◆ **YOUR OBJECTIVE**: Give again, exactly as written, each line of the material below starting at the line that contains "import net.corda.client.rpc.RPCConnection" and ending at the line that contains "import net.corda.core.utilities.*". Both ends count, and no other line does.

### GIVEN DATA ###

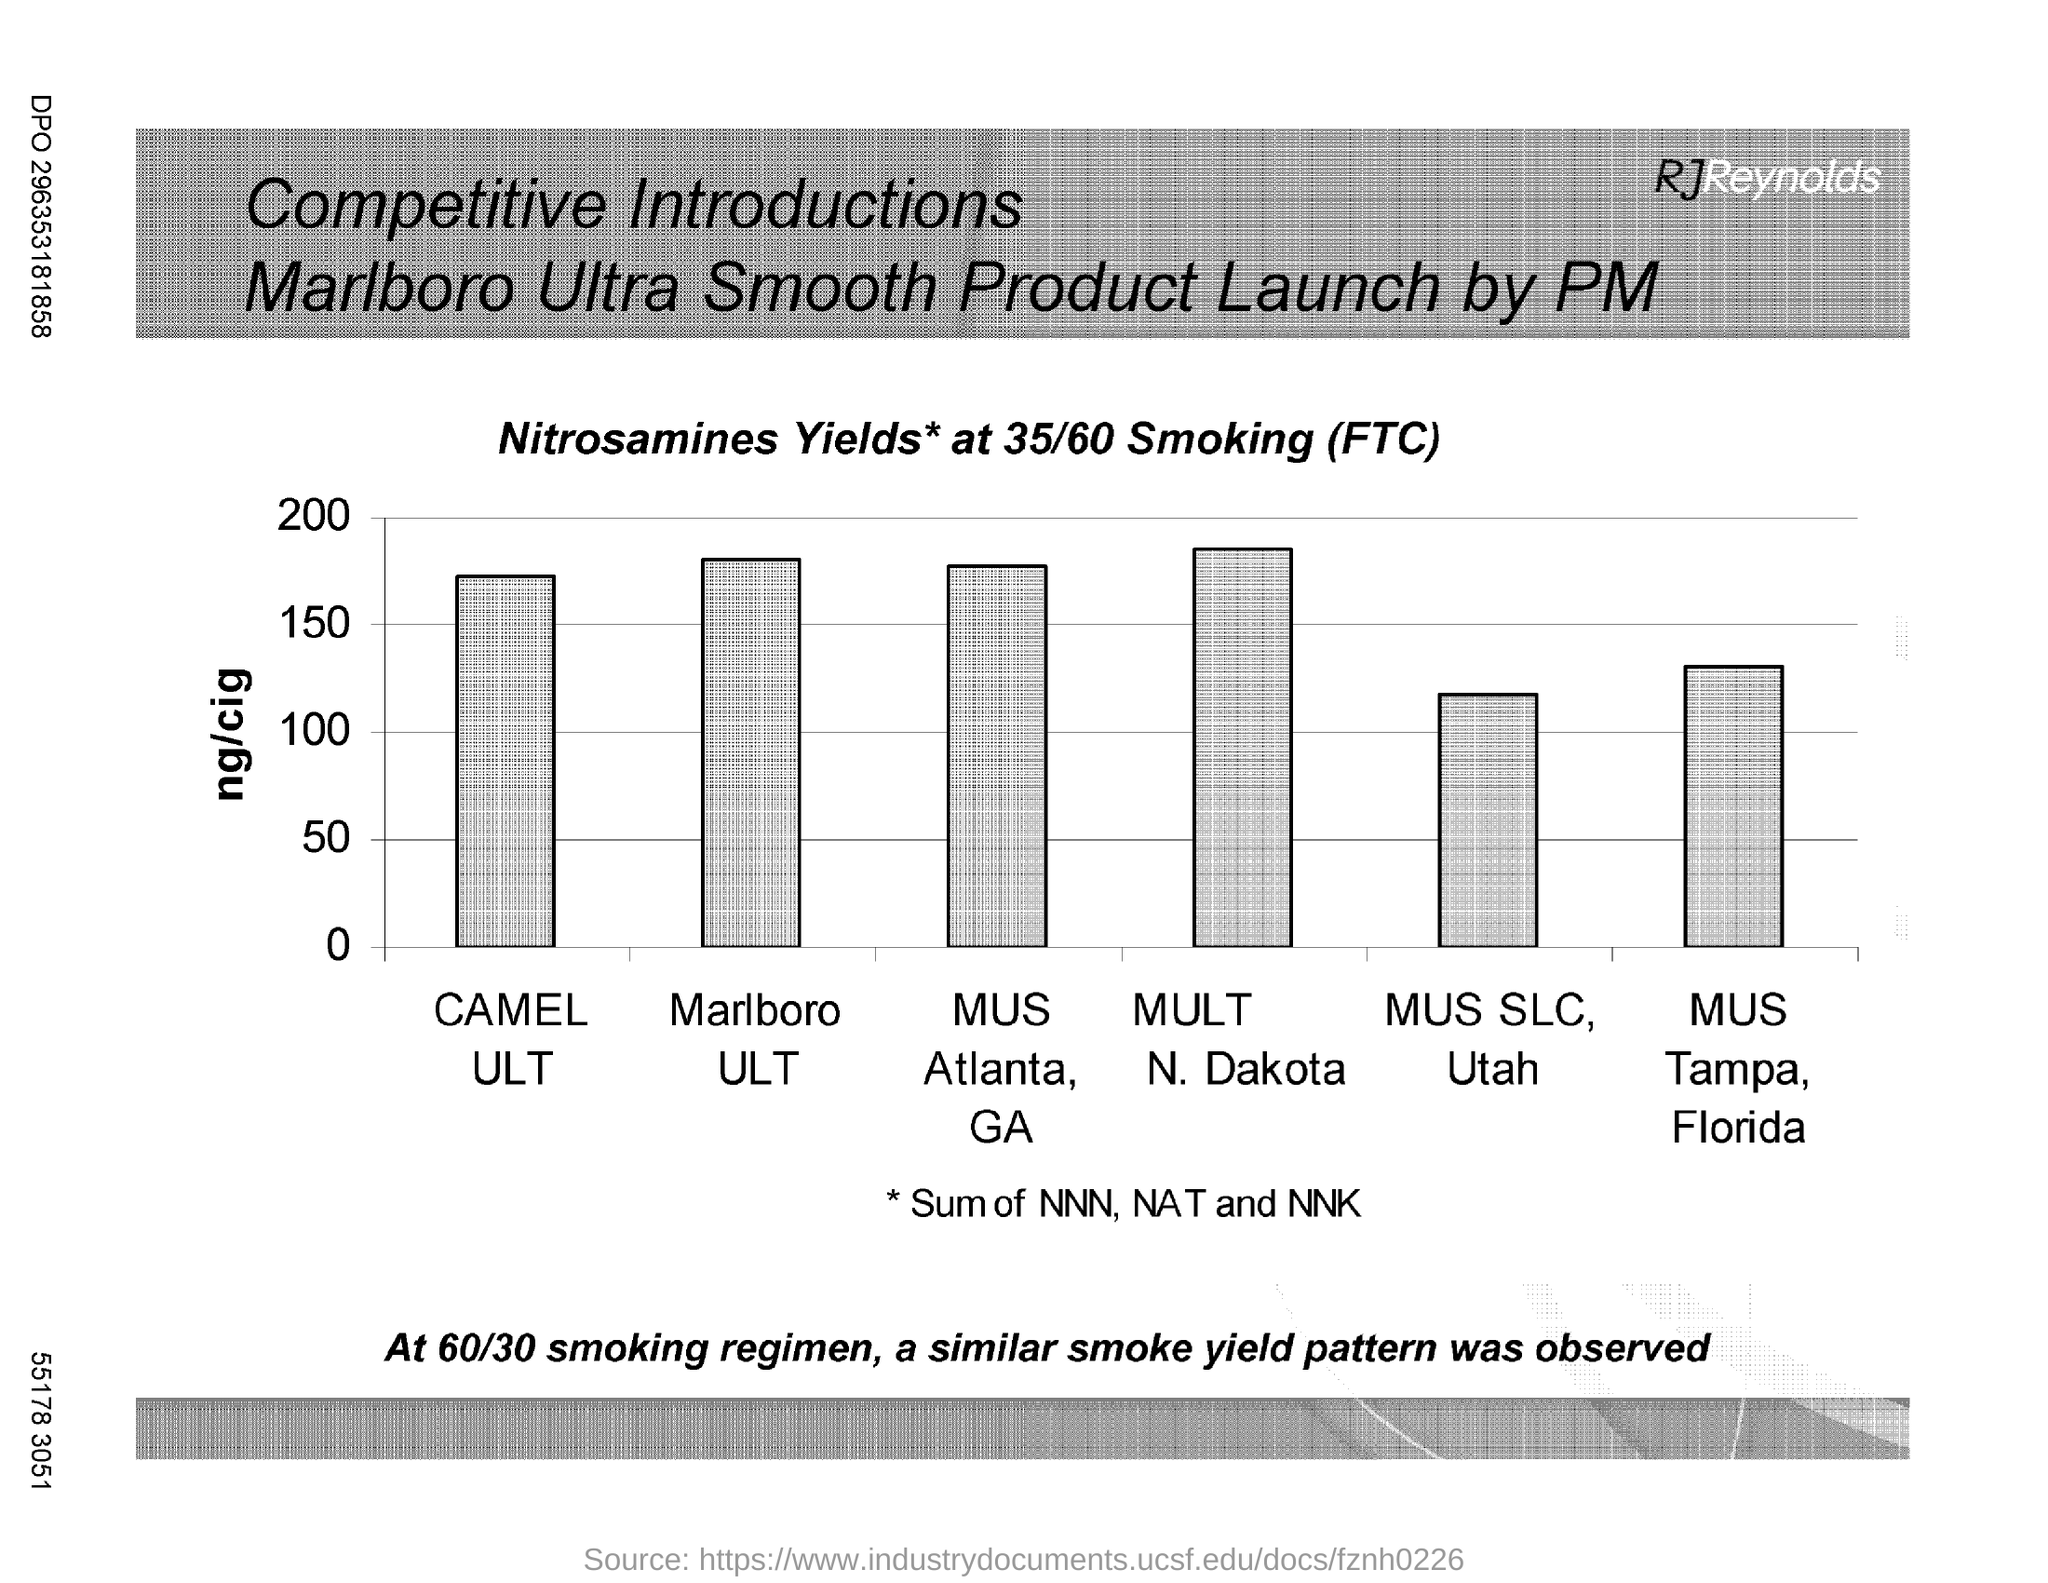Which product has the highest ng/cig?
Give a very brief answer. MULT N. DAKOTA. 
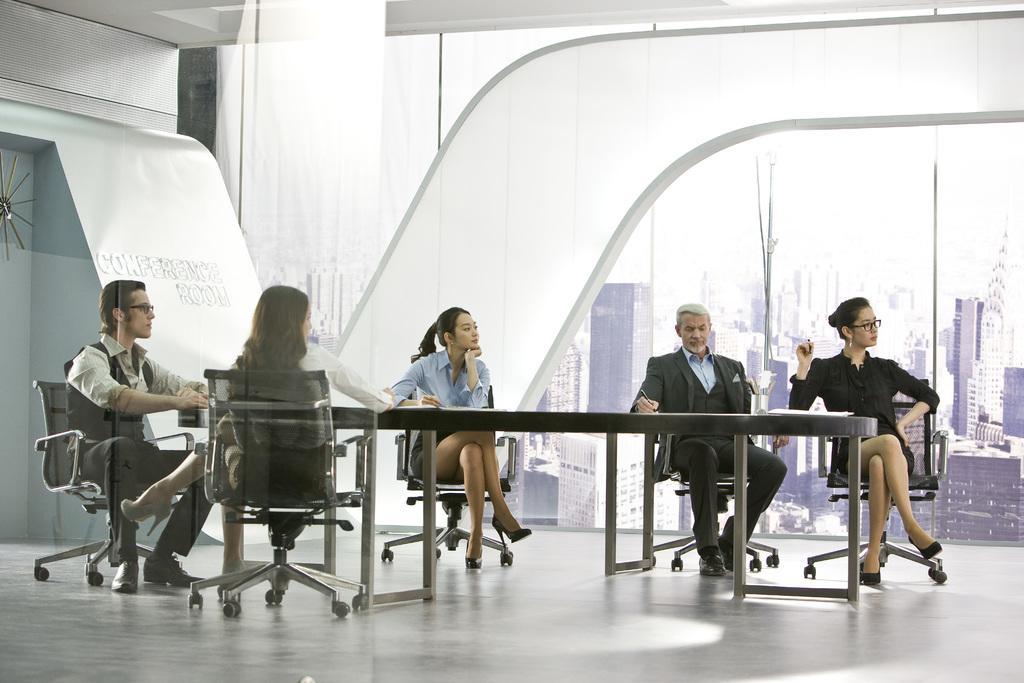In one or two sentences, can you explain what this image depicts? In this image I see 5 persons who are sitting on the chairs and there is a table in front of them. I can also see lot of buildings in the background. 
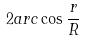Convert formula to latex. <formula><loc_0><loc_0><loc_500><loc_500>2 a r c \cos \frac { r } { R }</formula> 
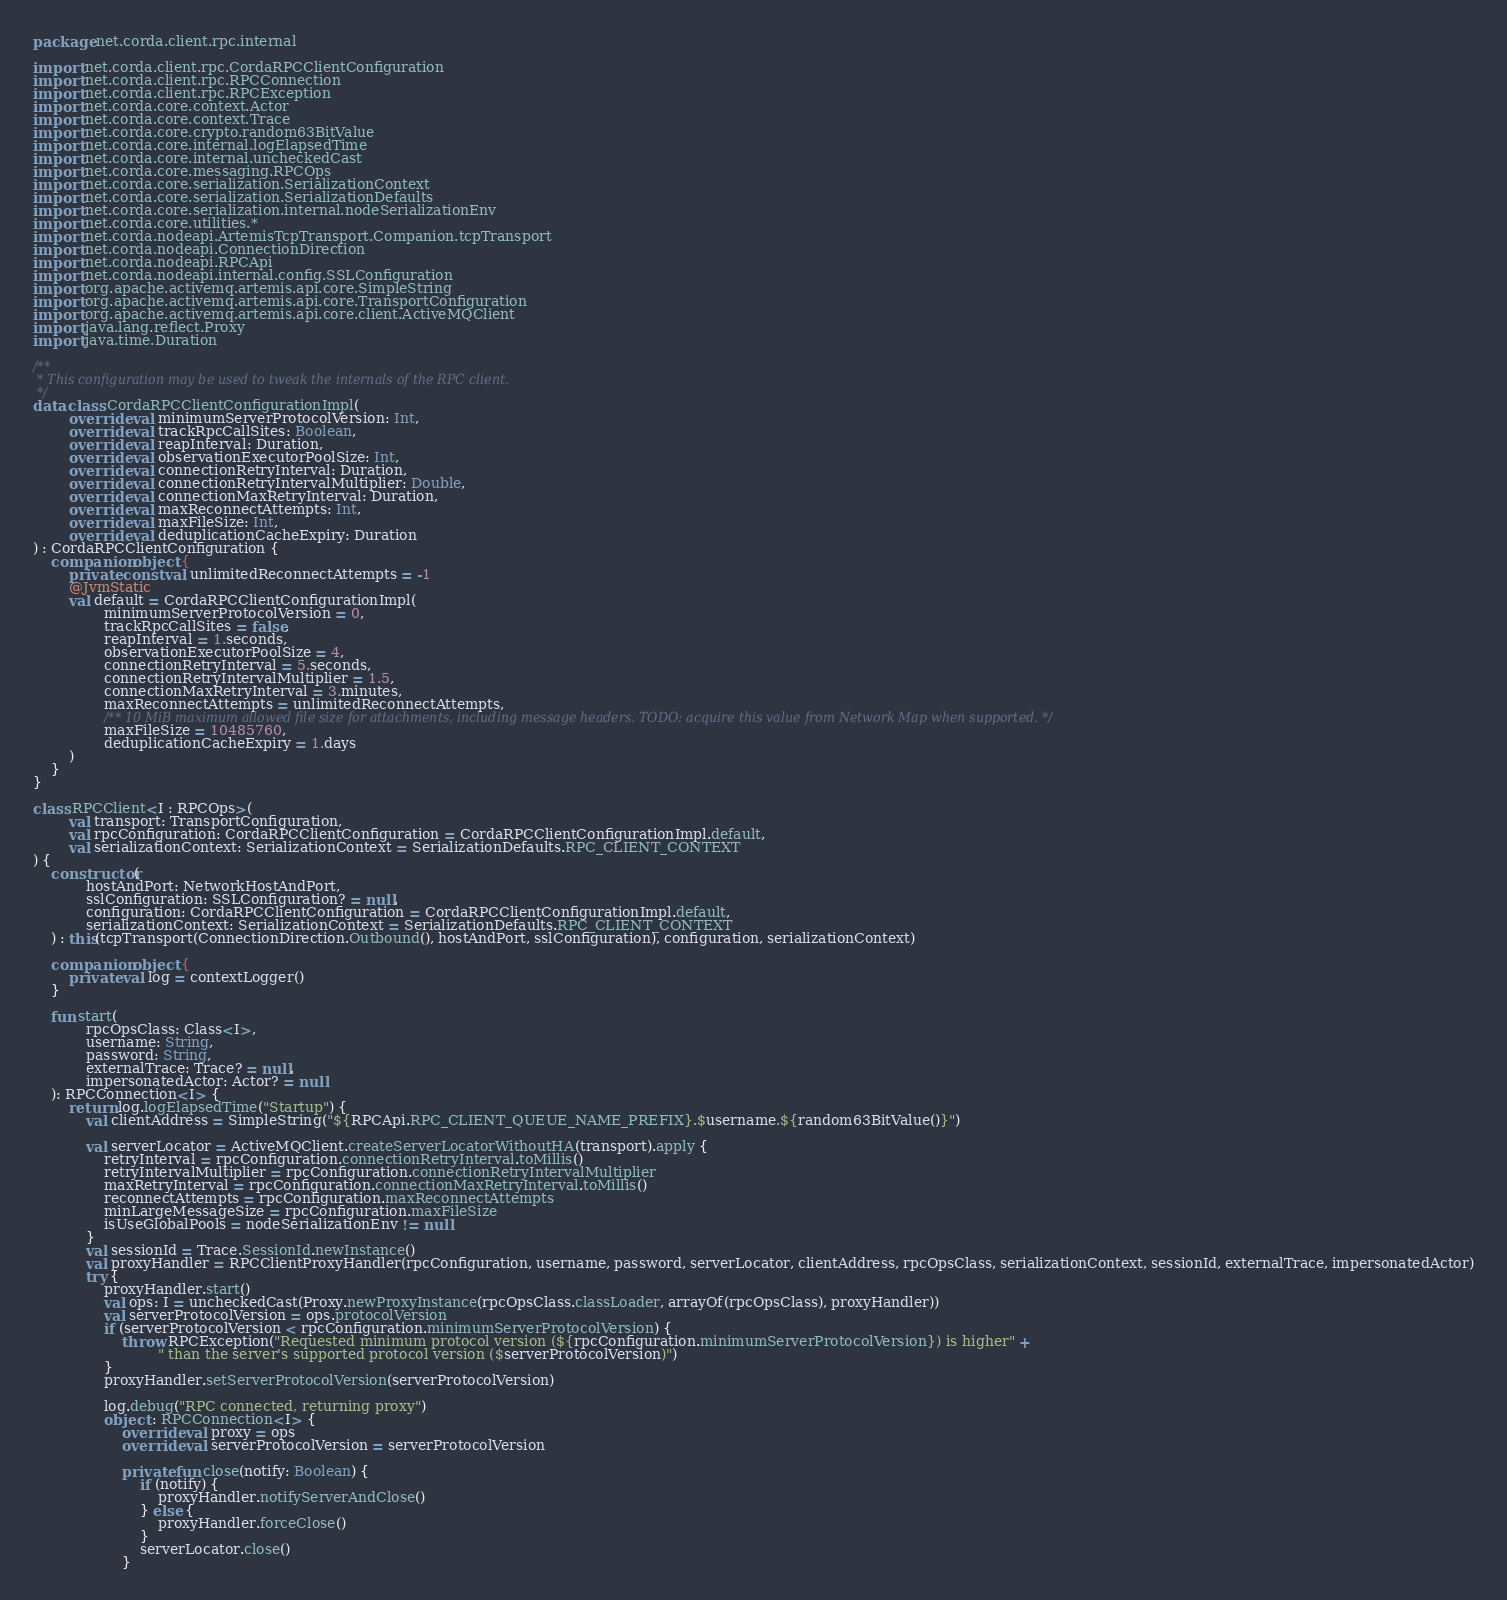<code> <loc_0><loc_0><loc_500><loc_500><_Kotlin_>package net.corda.client.rpc.internal

import net.corda.client.rpc.CordaRPCClientConfiguration
import net.corda.client.rpc.RPCConnection
import net.corda.client.rpc.RPCException
import net.corda.core.context.Actor
import net.corda.core.context.Trace
import net.corda.core.crypto.random63BitValue
import net.corda.core.internal.logElapsedTime
import net.corda.core.internal.uncheckedCast
import net.corda.core.messaging.RPCOps
import net.corda.core.serialization.SerializationContext
import net.corda.core.serialization.SerializationDefaults
import net.corda.core.serialization.internal.nodeSerializationEnv
import net.corda.core.utilities.*
import net.corda.nodeapi.ArtemisTcpTransport.Companion.tcpTransport
import net.corda.nodeapi.ConnectionDirection
import net.corda.nodeapi.RPCApi
import net.corda.nodeapi.internal.config.SSLConfiguration
import org.apache.activemq.artemis.api.core.SimpleString
import org.apache.activemq.artemis.api.core.TransportConfiguration
import org.apache.activemq.artemis.api.core.client.ActiveMQClient
import java.lang.reflect.Proxy
import java.time.Duration

/**
 * This configuration may be used to tweak the internals of the RPC client.
 */
data class CordaRPCClientConfigurationImpl(
        override val minimumServerProtocolVersion: Int,
        override val trackRpcCallSites: Boolean,
        override val reapInterval: Duration,
        override val observationExecutorPoolSize: Int,
        override val connectionRetryInterval: Duration,
        override val connectionRetryIntervalMultiplier: Double,
        override val connectionMaxRetryInterval: Duration,
        override val maxReconnectAttempts: Int,
        override val maxFileSize: Int,
        override val deduplicationCacheExpiry: Duration
) : CordaRPCClientConfiguration {
    companion object {
        private const val unlimitedReconnectAttempts = -1
        @JvmStatic
        val default = CordaRPCClientConfigurationImpl(
                minimumServerProtocolVersion = 0,
                trackRpcCallSites = false,
                reapInterval = 1.seconds,
                observationExecutorPoolSize = 4,
                connectionRetryInterval = 5.seconds,
                connectionRetryIntervalMultiplier = 1.5,
                connectionMaxRetryInterval = 3.minutes,
                maxReconnectAttempts = unlimitedReconnectAttempts,
                /** 10 MiB maximum allowed file size for attachments, including message headers. TODO: acquire this value from Network Map when supported. */
                maxFileSize = 10485760,
                deduplicationCacheExpiry = 1.days
        )
    }
}

class RPCClient<I : RPCOps>(
        val transport: TransportConfiguration,
        val rpcConfiguration: CordaRPCClientConfiguration = CordaRPCClientConfigurationImpl.default,
        val serializationContext: SerializationContext = SerializationDefaults.RPC_CLIENT_CONTEXT
) {
    constructor(
            hostAndPort: NetworkHostAndPort,
            sslConfiguration: SSLConfiguration? = null,
            configuration: CordaRPCClientConfiguration = CordaRPCClientConfigurationImpl.default,
            serializationContext: SerializationContext = SerializationDefaults.RPC_CLIENT_CONTEXT
    ) : this(tcpTransport(ConnectionDirection.Outbound(), hostAndPort, sslConfiguration), configuration, serializationContext)

    companion object {
        private val log = contextLogger()
    }

    fun start(
            rpcOpsClass: Class<I>,
            username: String,
            password: String,
            externalTrace: Trace? = null,
            impersonatedActor: Actor? = null
    ): RPCConnection<I> {
        return log.logElapsedTime("Startup") {
            val clientAddress = SimpleString("${RPCApi.RPC_CLIENT_QUEUE_NAME_PREFIX}.$username.${random63BitValue()}")

            val serverLocator = ActiveMQClient.createServerLocatorWithoutHA(transport).apply {
                retryInterval = rpcConfiguration.connectionRetryInterval.toMillis()
                retryIntervalMultiplier = rpcConfiguration.connectionRetryIntervalMultiplier
                maxRetryInterval = rpcConfiguration.connectionMaxRetryInterval.toMillis()
                reconnectAttempts = rpcConfiguration.maxReconnectAttempts
                minLargeMessageSize = rpcConfiguration.maxFileSize
                isUseGlobalPools = nodeSerializationEnv != null
            }
            val sessionId = Trace.SessionId.newInstance()
            val proxyHandler = RPCClientProxyHandler(rpcConfiguration, username, password, serverLocator, clientAddress, rpcOpsClass, serializationContext, sessionId, externalTrace, impersonatedActor)
            try {
                proxyHandler.start()
                val ops: I = uncheckedCast(Proxy.newProxyInstance(rpcOpsClass.classLoader, arrayOf(rpcOpsClass), proxyHandler))
                val serverProtocolVersion = ops.protocolVersion
                if (serverProtocolVersion < rpcConfiguration.minimumServerProtocolVersion) {
                    throw RPCException("Requested minimum protocol version (${rpcConfiguration.minimumServerProtocolVersion}) is higher" +
                            " than the server's supported protocol version ($serverProtocolVersion)")
                }
                proxyHandler.setServerProtocolVersion(serverProtocolVersion)

                log.debug("RPC connected, returning proxy")
                object : RPCConnection<I> {
                    override val proxy = ops
                    override val serverProtocolVersion = serverProtocolVersion

                    private fun close(notify: Boolean) {
                        if (notify) {
                            proxyHandler.notifyServerAndClose()
                        } else {
                            proxyHandler.forceClose()
                        }
                        serverLocator.close()
                    }
</code>

###

◆ **RESPONSE TO THIS TASK**:
import net.corda.client.rpc.RPCConnection
import net.corda.client.rpc.RPCException
import net.corda.core.context.Actor
import net.corda.core.context.Trace
import net.corda.core.crypto.random63BitValue
import net.corda.core.internal.logElapsedTime
import net.corda.core.internal.uncheckedCast
import net.corda.core.messaging.RPCOps
import net.corda.core.serialization.SerializationContext
import net.corda.core.serialization.SerializationDefaults
import net.corda.core.serialization.internal.nodeSerializationEnv
import net.corda.core.utilities.*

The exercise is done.